LEWIS V. S.L.& E., INC.
629 F.2d 764 (2nd Cir. 1980)
NATURE OF THE CASE: This is an appeal by Donald E. Lewis (P), a shareholder of S.L.& E,
Inc. (D) from a judgment entered against him in the United States District Court after a
bench trial of his derivative claim against directors of D and of a claim asserted against
him by the other corporations.

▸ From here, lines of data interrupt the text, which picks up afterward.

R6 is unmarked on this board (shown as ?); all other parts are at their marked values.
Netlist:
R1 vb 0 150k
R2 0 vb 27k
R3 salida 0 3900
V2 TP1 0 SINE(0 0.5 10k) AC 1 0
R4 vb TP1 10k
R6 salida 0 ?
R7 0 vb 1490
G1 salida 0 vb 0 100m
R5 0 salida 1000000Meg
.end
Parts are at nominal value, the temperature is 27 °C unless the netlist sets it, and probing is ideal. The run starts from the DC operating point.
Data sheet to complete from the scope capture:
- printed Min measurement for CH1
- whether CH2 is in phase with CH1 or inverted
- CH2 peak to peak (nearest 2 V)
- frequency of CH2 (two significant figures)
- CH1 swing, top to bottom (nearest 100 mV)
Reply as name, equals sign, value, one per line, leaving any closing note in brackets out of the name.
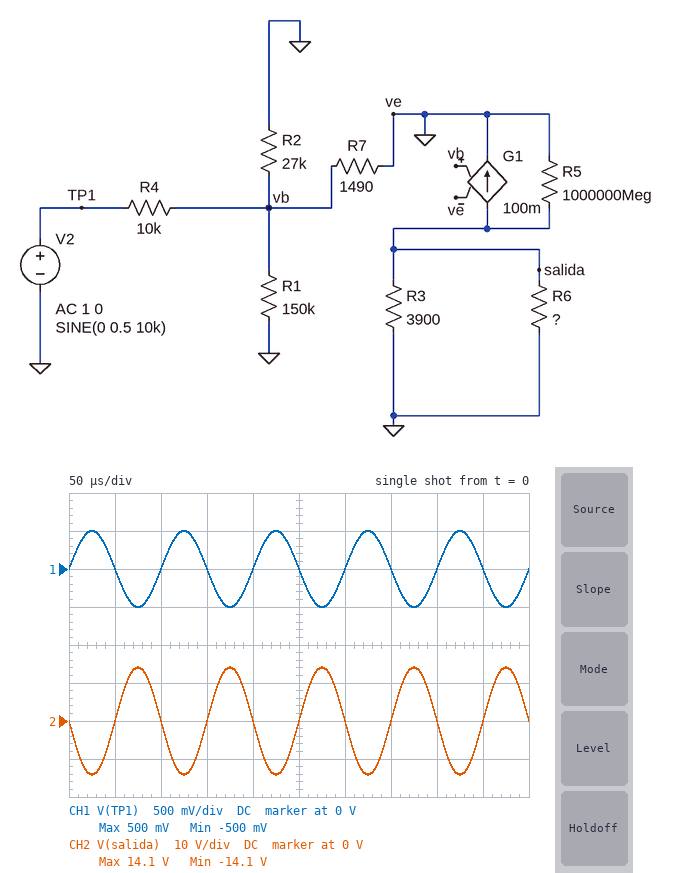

P charged that his brothers (Alan, Leon and Richard,
directors and officers of S.L.& E, Inc., hereinafter Ds) had wasted the assets of D Corp by
causing it to lease business premises to Lewis General Rites, Inc (LGT). from 1966 to 1972
at an unreasonably low rental. LGT was permitted to intervene in the action, and filed a
complaint seeking specific performance of an agreement by P to sell his SLE's stock to LGT
in 1972.
FACTS: P's and Ds' father was the principal shareholder of SLE and LGT. SLE, formed in
1943, owned the land and complex of buildings at 260 East Avenue in Rochester. Prior to 1956
LGT occupied the premises without rent; the rent paid was initially $200 per month, and had
increased over the years to $800 per month. On February 28, 1956, SLE granted LGT a 10-year
lease on the newly expanded property for a rent of $1200 per month, or $14,400 per year.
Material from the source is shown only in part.